Грязнов исподлобья посмотрел на нее.
— Я его люблю. Это так… — Губы у Лены задрожали. — Давайте помянем его, — попросила она.
Все встали.
— Только не чокаться, — напомнил Морозов.
Лесная изба. Интерьер.
Они чокнулись. Звонко, весело, многократно.
— Быстро, быстро, надо выпить, пока бьют! — торопил Антон.
Куранты пробили двенадцать раз.
— Ура! — закричал Сабанов.
— Ура! — закричали Некрасов, Галя, Белоусов и старик.
— Целоваться! — приказал Антон.
Они обцеловались друг с другом по-разному. Парни между собой, ерничая, а с Галей нежно. Старик поцеловал ей руку.
— До нового века семь лет! — сказал Антон, накладывая салат.
— Шесть, считать не умеешь! — сказал Белоусов.
— Ага! Прямо счас! — рассмеялся Антон. — Новый век начнется в две тысячи первом году!
— В двухтысячном! Владлен Николаевич, — обратился к старику Белоусов, — как?
— Антон прав, хоть он мне и сын, — сказал старик.
— Какая разница! — грустно произнесла Галя. —
Все, как по команде, расхохотались. Больше всех заливался старик.
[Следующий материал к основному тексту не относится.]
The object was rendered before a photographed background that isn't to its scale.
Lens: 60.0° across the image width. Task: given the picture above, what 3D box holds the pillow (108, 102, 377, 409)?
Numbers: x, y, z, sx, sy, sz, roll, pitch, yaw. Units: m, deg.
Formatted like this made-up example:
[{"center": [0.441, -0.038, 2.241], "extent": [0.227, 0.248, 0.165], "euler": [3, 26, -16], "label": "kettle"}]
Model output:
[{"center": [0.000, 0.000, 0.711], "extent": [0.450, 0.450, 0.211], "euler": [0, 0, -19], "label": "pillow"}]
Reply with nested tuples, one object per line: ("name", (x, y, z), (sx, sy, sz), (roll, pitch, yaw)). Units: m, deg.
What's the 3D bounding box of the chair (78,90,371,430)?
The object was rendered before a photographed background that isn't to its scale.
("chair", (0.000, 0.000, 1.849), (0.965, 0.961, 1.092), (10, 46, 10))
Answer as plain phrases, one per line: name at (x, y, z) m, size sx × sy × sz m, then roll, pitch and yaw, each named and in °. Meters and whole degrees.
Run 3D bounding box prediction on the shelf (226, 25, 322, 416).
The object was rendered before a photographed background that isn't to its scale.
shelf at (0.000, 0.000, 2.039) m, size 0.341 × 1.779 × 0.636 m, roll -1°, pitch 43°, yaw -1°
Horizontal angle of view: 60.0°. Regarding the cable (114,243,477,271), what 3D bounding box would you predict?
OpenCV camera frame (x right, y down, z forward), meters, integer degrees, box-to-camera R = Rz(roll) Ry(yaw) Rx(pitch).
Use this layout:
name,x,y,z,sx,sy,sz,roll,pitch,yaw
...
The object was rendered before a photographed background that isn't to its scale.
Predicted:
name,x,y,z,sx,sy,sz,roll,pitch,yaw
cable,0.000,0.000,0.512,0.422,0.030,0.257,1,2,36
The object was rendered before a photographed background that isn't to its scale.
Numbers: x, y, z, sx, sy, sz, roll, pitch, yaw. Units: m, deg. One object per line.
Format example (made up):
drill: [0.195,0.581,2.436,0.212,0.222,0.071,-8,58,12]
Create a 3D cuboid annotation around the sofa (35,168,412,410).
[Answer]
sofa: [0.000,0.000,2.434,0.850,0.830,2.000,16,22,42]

— Ну а теперь прошу налить и выслушать.
— Не гони, Игорек! — попросил Белоусов с набитым ртом.
— Так, всем нолито? Отлично. Уважаемая изба! — поклонился на все четыре стены Сабанов. — Уважаемый Владлен Николаевич! — поклонился старику Сабанов. — Уважаемые товарищи…
— Совок!
— Мы не коммунисты!
— Господа!
— Хорошо, уважаемые друзья. Перед вами пророк.
— Где?
— Кто?
— Покажи!
— Я. Хочу напомнить вам события тех далеких для всех нас дней. Когда мы заблудились в лесу, помните? — Сабанов посмотрел на Белоусова. Правильно?
— Да.
— Женька, повтори, что я тогда говорил!
— Да ты много чего говорил!
— Нет, я тогда всем кое-что напророчил.
— Что мы с голоду помрем! — сказал Антон.
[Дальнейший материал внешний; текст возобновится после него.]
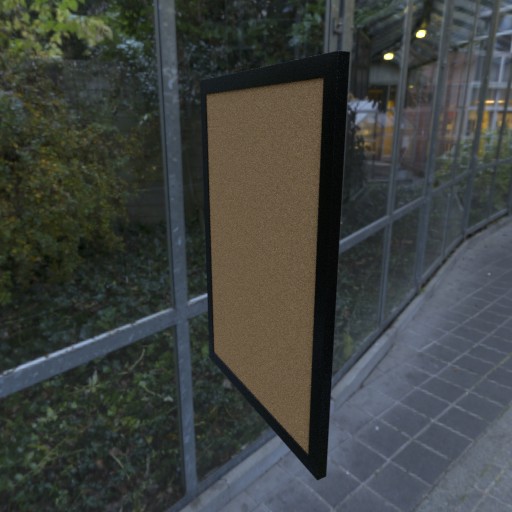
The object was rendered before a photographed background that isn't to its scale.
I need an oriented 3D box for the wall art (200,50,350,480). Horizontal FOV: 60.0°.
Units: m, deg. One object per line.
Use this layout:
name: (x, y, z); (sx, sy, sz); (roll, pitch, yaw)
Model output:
wall art: (0.000, 0.000, 0.842); (0.019, 0.656, 0.462); (-9, 19, -27)
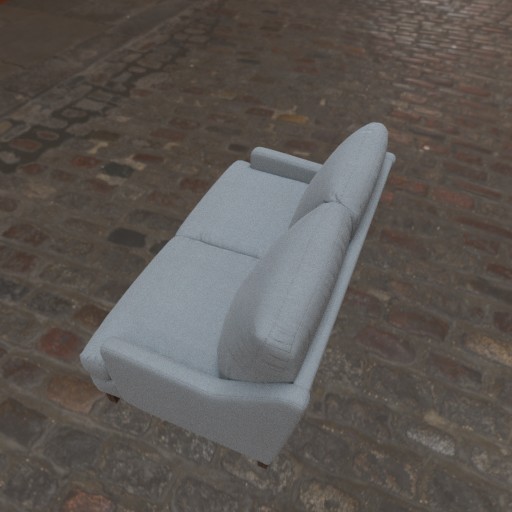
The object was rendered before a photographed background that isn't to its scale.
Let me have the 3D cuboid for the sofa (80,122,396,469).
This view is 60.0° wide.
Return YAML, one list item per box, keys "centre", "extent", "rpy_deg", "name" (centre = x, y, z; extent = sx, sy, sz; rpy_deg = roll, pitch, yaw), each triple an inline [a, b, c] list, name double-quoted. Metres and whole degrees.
- centre: [0.000, 0.000, 2.176]
  extent: [0.987, 0.921, 1.589]
  rpy_deg: [17, 48, 16]
  name: "sofa"
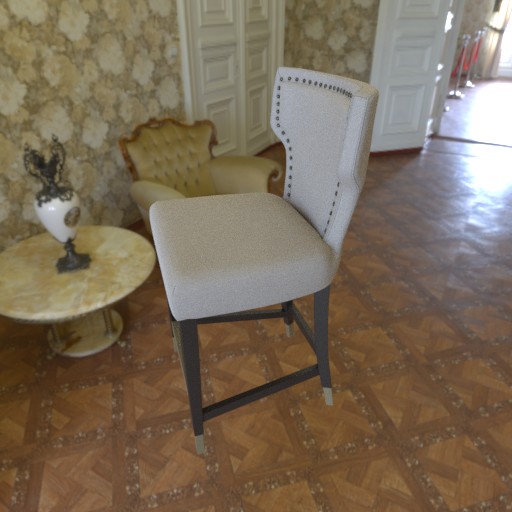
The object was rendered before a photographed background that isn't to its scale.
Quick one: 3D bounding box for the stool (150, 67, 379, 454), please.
[{"bbox_3d":[0.000,0.000,1.315,0.563,0.982,0.527,-9,30,-15],"label":"stool"}]
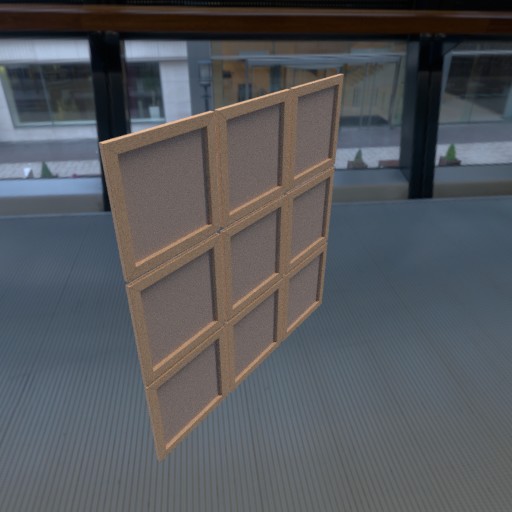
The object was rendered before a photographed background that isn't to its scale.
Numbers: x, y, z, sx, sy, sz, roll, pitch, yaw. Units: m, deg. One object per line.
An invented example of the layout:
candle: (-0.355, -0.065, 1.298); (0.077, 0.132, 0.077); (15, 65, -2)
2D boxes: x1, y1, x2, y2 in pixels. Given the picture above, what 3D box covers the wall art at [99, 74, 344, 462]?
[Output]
wall art: (0.000, 0.000, 1.332); (0.012, 0.910, 0.917); (21, 37, 31)
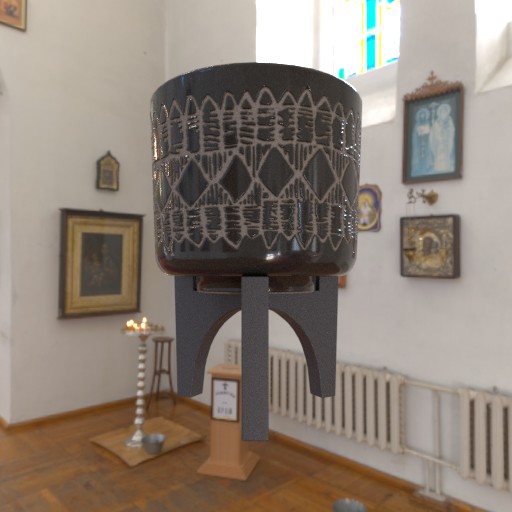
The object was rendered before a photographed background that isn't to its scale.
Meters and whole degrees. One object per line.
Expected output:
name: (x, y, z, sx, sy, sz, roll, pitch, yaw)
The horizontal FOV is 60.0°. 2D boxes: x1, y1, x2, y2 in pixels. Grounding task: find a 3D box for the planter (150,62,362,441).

— Это твои слова, — сказала Галя.
— Ты говорил — встать! Всем встать! Я думал, ты офицером станешь.
— Я сказал, что когда-нибудь мы еще будем смеяться над этими страхами, помните?
— Ты так сказал?! — искренне удивился Белоусов.
Все на секунду задумались.
— Ну что, — выждал паузу Сабанов. — Пора?
И они действительно стали хохотать, орать, перебивая друг друга:
— Вода — писк!..
— А там — крысы!..
— А я потом эти макароны…
— Одна нога у человека короче…
— Я так и не видел голой!..
Владлен Николаевич вертел головой, улыбался, набивал трубку табаком.
Актер, играющий в фильме Владлена Николаевича, поднялся.
— Мне пора, — сказал он. — Леночка, держись.
Лена пошла провожать его.
Варшавский посмотрел на часы:
— О! Пора.
Встала и Ксения.
Грязнов чуть дернулся, но остался сидеть. Она сама кивнула ему: дескать, выйдем.
Грязнов поднялся не сразу. Посмотрел на Максимова, но тот был увлечен тихой беседой с продюсером.
Морозов о чем-то говорил Цыгану. Словом, никто на него внимания не обращал.
Грязнов вышел в прихожую.
Вакасян надевал ботинки.
— Вы обиделись? — спросил серьезно.
— Обидеться — не тот глагол, — ответил Грязнов.
— Ну простите. Лично вас это не касалось.
— Это касалось Кирилла.
— А знаете, сколько раз Шекспир в гробу перевернулся? Такая уж доля горемычная у драматургов.
Он сунул руку для пожатия Денису, тот помедлил, но пожал.
— Не делайте так больше, — сказал строго.